Marcela Adriana Alfonso Duarte
Matías o «Mati» como lo llamaban todos, alistó unas cuantas
prendas; una camiseta, una gorra y una cantimplora con agua.
―Aún no sé si quiero ir.
―Claro que quieres ―dijo su padre―. Te divertirás mucho con
los otros chicos.
―A mamá no le va a gustar.
―¡Bah! A ella nada le gusta. Mereces algo de diversión ―dijo
su padre con una sonrisa y acarició juguetón la pelusa recién aparecida sobre
el labio superior de Matías.
La semana pasada quise inscribirme en un curso de canto que
iniciará en el pueblo. Sentí alegría al enterarme y corrí a casa.
―¿Que quieres qué?
―Inscribirme a las clases de canto ―susurré bajando la
mirada.
―Tú y tus bobadas ―contestó mi madre mirándome por encima de
los lentes. Apartó la calculadora y el libro de contabilidad―. Estás destinado
a ser un bueno para nada ni siquiera creces, mírate. Tu padre deberá servirte
más comida a ver si engordas al menos un poco ―suspiró y volvió a los números.
Papá miraba desde la cocina en silencio.
*
Hermes tarareaba revolviendo la ropa en el cajón, buscaba su
bermuda favorita. El cabello liso y un poco largo al frente le estorbaba los
ojos. Fue a la cocina, echó en una bolsa plástica algunas frutas, enlatados y
dulces.
―¿A dónde irán? ―preguntó la madre desde la habitación.
Hermes entró y la vio tumbada en la cama en un cuarto oscuro
aunque fuera de mañana. Abrió las cortinas y le dio un beso.
―Ma, te dejé el desayuno listo sobre la mesa. Iremos al
bosque.
―Ah, bueno.
―Y no te preocupes, ¿eh? La señora Leila estará pendiente de
ti.
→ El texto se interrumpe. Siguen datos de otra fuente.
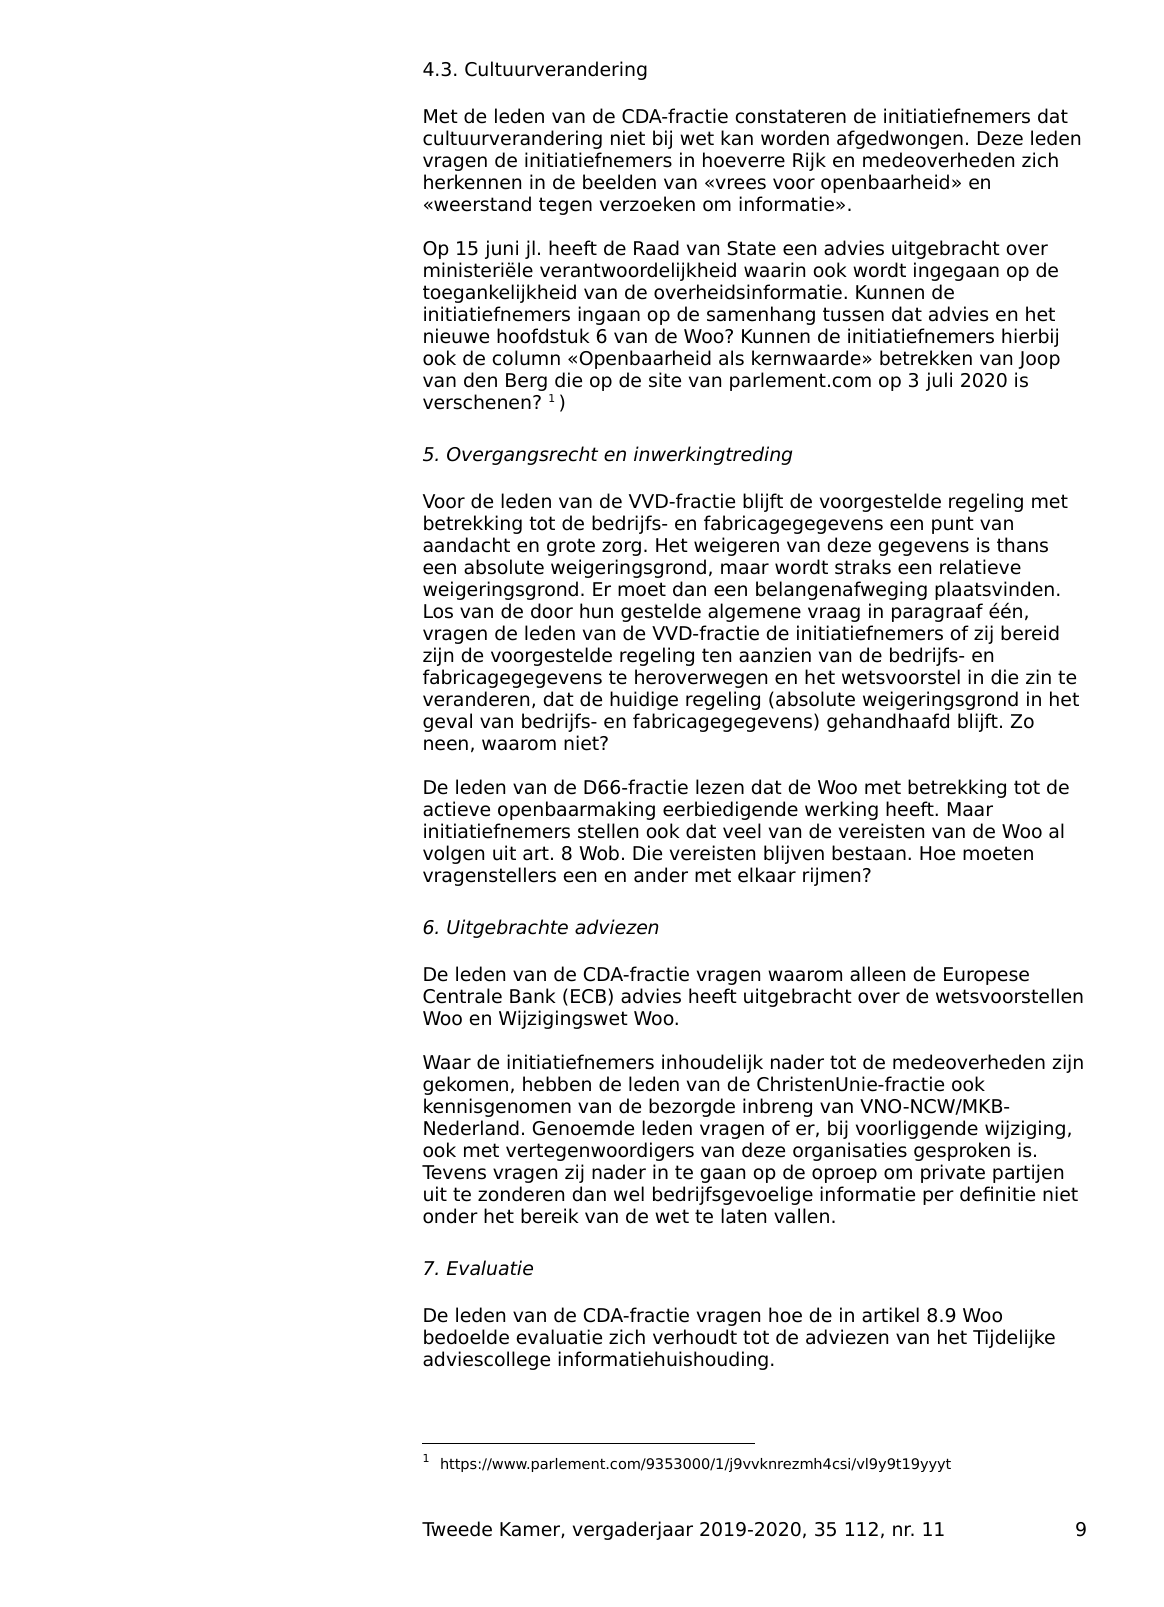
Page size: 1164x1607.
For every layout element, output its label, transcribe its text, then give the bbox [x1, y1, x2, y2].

Te traerá de almuerzo su horrible sancocho aguado e insípido ―dijo Hermes
haciendo gesto de asco.
―Haré un esfuerzo ―dijo su madre soltando una risita. Hermes
también se rio. Trajo un vaso de agua y le puso en la mano una píldora
diminuta. Ella agradeció, se escurrió en la cama y cerró los ojos. El chico
suspiró y antes de que el nudo en la garganta se le escapara como regadera por
los ojos salió de la casa.
Desde que mi padre se fue dando un portazo, mamá cambió. Ya
no se maquilla ni va al salón de belleza ni invita a sus amigas a jugar dominó.
Mi padre rara vez llama, eso sí, consigna cada mes lo pactado. Todas las
semanas voy al mercado y hago las compras necesarias.
―Hola cariño, ¿y tu mamá? ―preguntó la vendedora de huevos―.
Hace tiempo no viene por aquí.
―Está un poco mal de salud.
―¿Y eso?, ¿enferma de qué?, ¿ya fue al doctor?
―Huy doña, esta vez los huevos vienen bien cagados, ¿no?
La mujer torció la boca y me dio los vueltos de mala gana.
Vieja chismosa.
*
Albert cogió el maletín. Guardó con celo un libro que tenía
escondido bajo el colchón, un jean descolorido y se acomodó los lentes para
salir. «Einstein», lo llamaban en el salón de clases, no alcanzaba los quince
años y estaba a punto de terminar la secundaria.
―¿Llevas el cuadernillo de Física? ―preguntó su padre.
―Sí señor, claro.
―Eso, recuerda pegar una estudiada y hacer ejercicios.
―Sí, señor ―dijo Albert poniendo los ojos en blanco
aprovechando que su padre no había despegado los suyos del periódico.
―Mira, el gobierno ofrece becas universitarias para los
mejores bachilleres. Ven, lee.
―Papá, se me hace tarde. Los chicos me están esperando.
Se despidieron con un apretón de manos. Antes de cerrar la
puerta el jovencito oyó a su padre: «No llegues muy tarde mañana. El lunes hay
escuela».
Cuando aprendí a escribir, lo hice con la mano izquierda,
pero mi padre se empeñó en volverme diestro. Siempre ha estado muy orgulloso de
mis primeros puestos en cada año escolar.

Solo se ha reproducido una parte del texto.